## The data
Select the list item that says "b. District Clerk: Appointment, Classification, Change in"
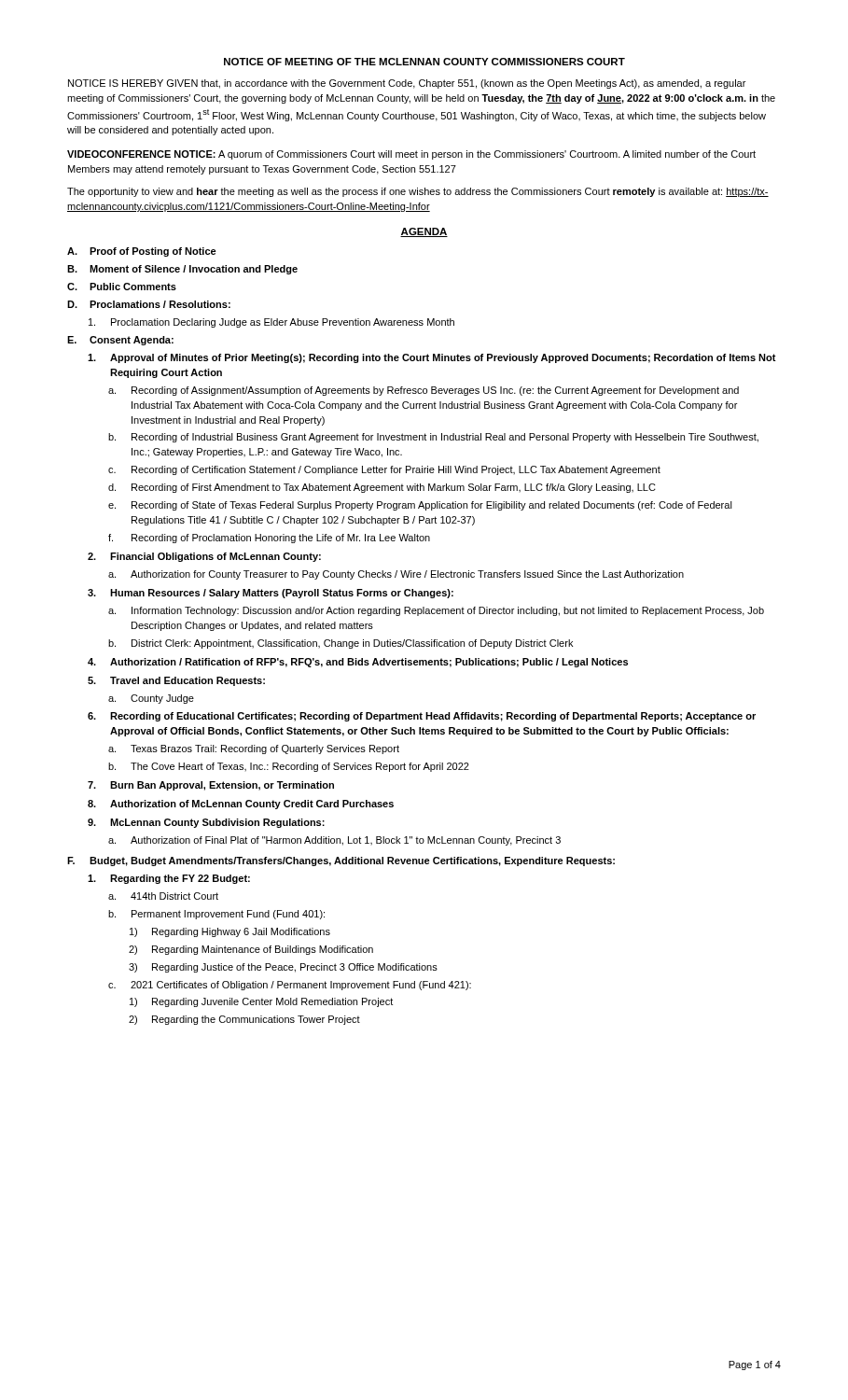Viewport: 848px width, 1400px height. click(445, 644)
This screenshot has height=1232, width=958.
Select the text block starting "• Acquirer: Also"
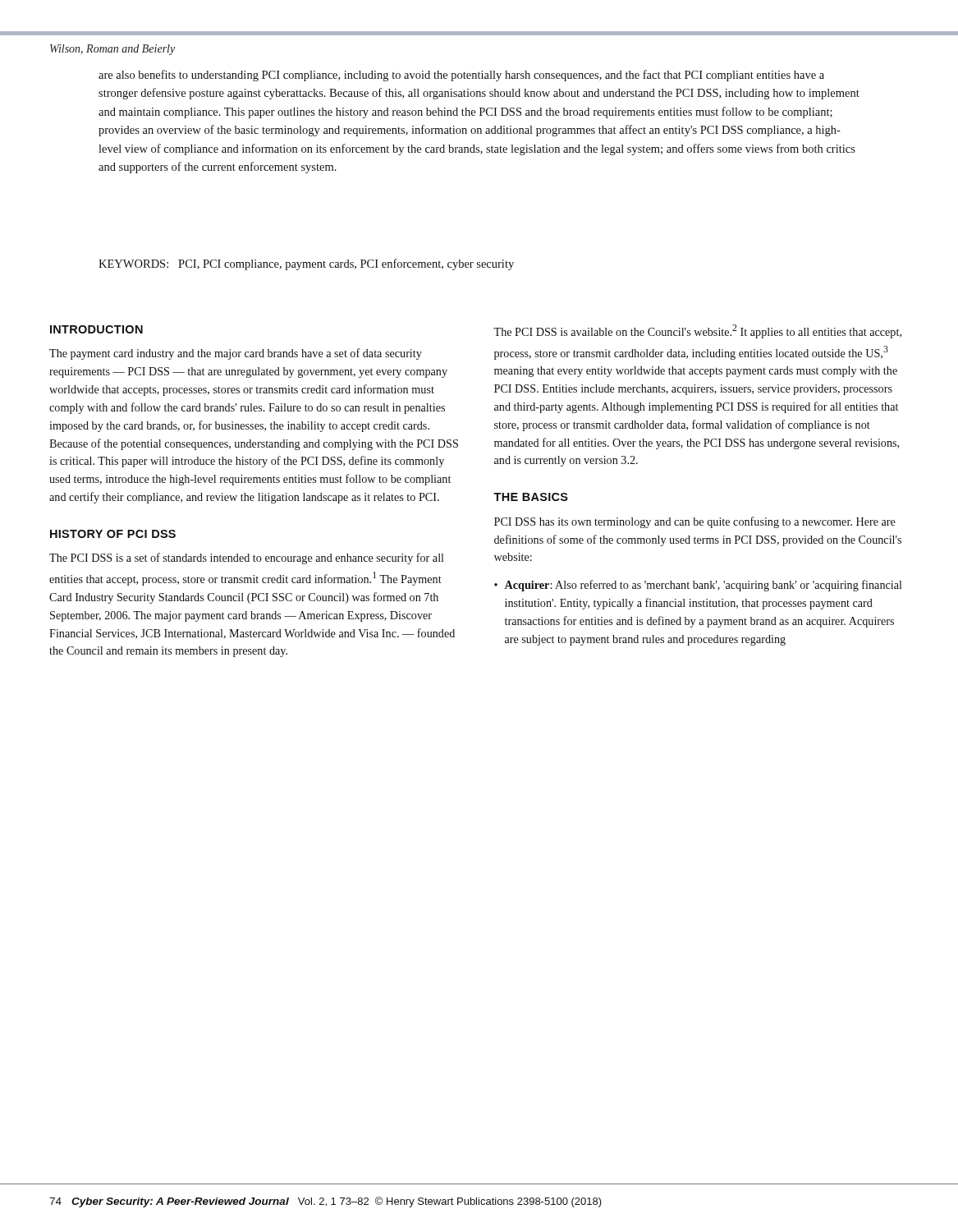tap(701, 613)
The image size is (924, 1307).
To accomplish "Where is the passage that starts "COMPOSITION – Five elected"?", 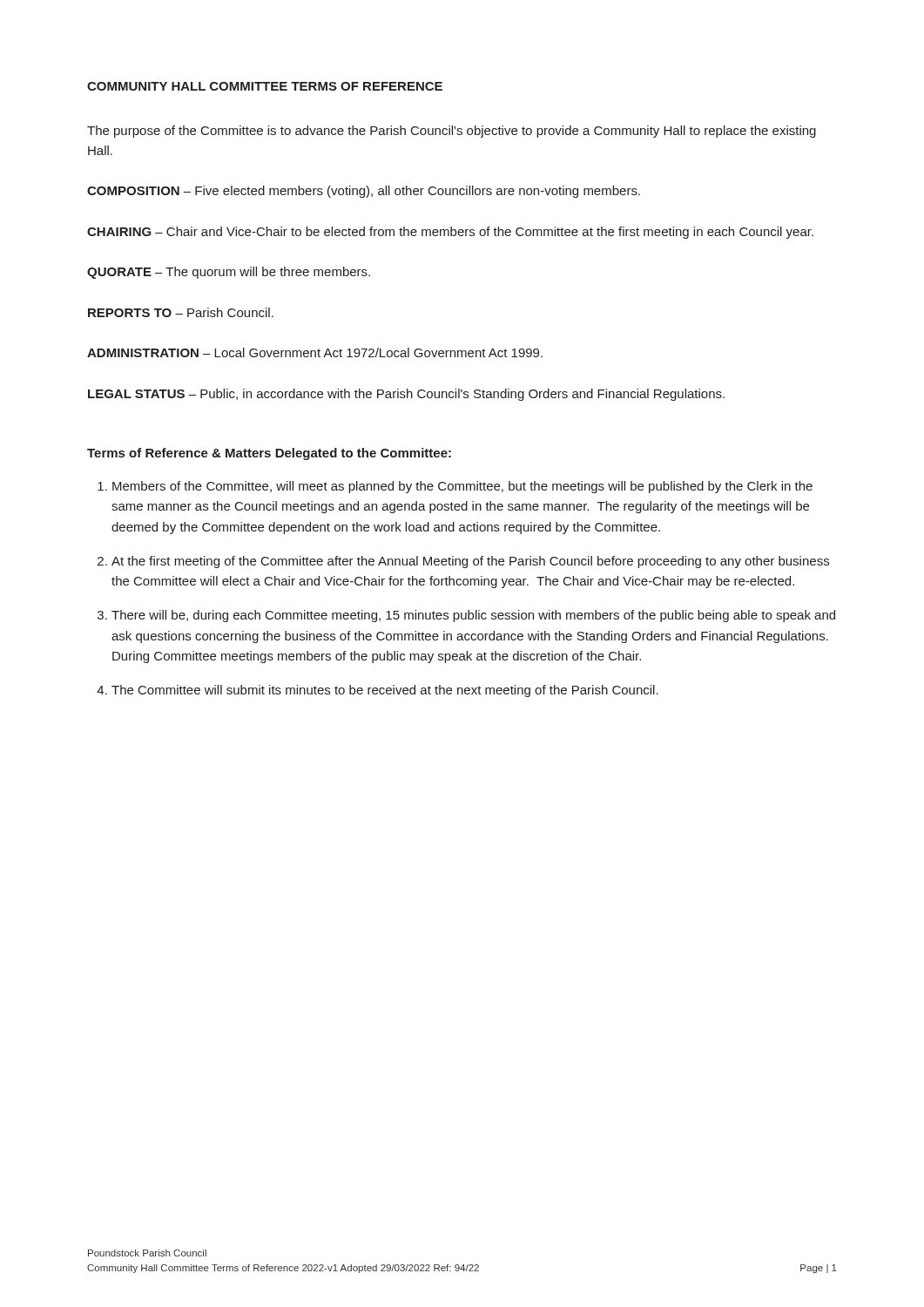I will coord(364,190).
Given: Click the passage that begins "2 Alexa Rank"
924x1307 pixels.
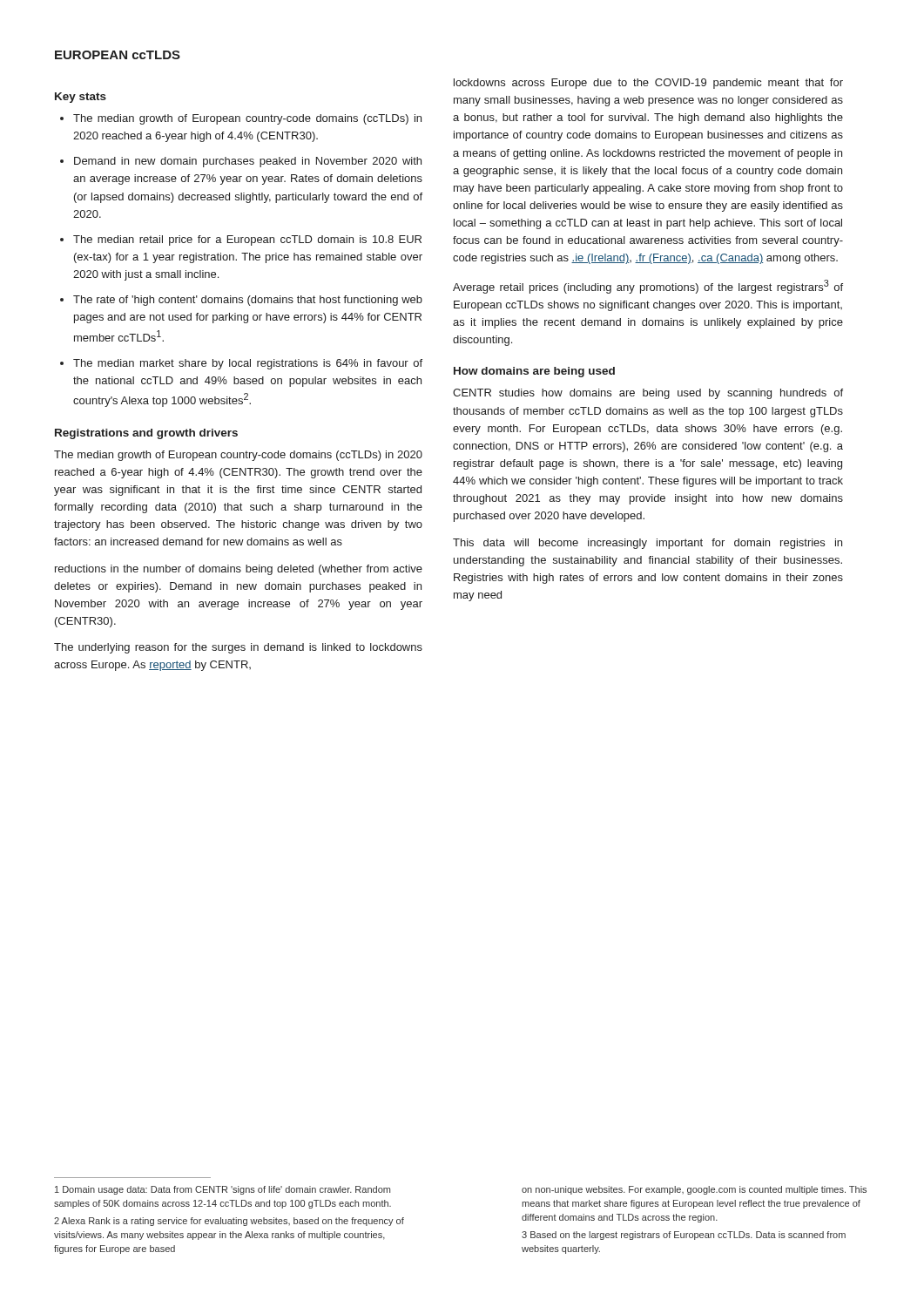Looking at the screenshot, I should pos(229,1235).
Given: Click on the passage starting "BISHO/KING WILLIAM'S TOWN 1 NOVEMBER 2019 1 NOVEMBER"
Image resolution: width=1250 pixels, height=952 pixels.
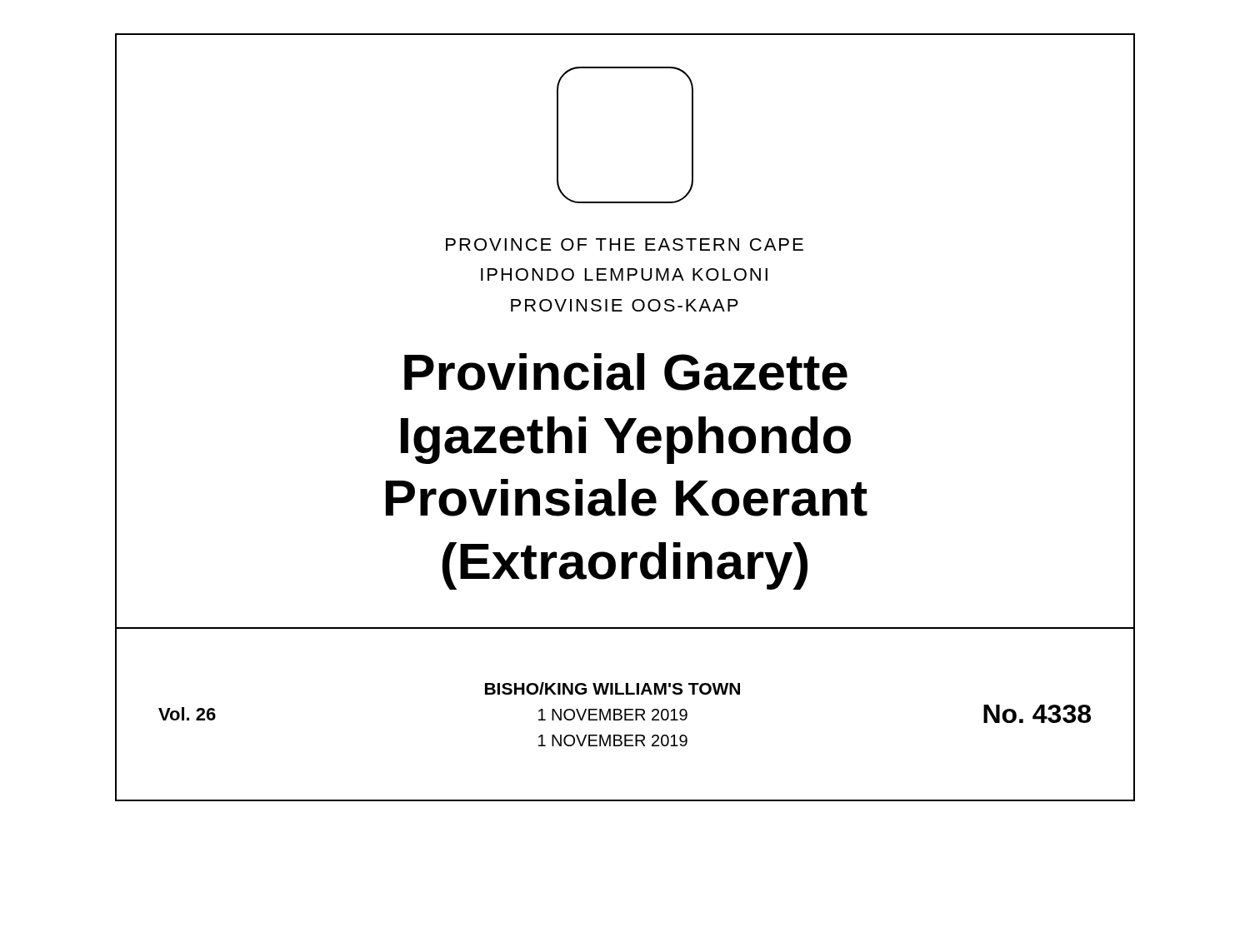Looking at the screenshot, I should pyautogui.click(x=612, y=714).

## Goal of the exercise
Each line of the material that contains the string "Given" has to be copied out.

## Reply
Given: Click the passage that begins "2 Alexa Rank"
Given: Click on the passage starting "BISHO/KING WILLIAM'S TOWN 1 NOVEMBER 2019 1 NOVEMBER"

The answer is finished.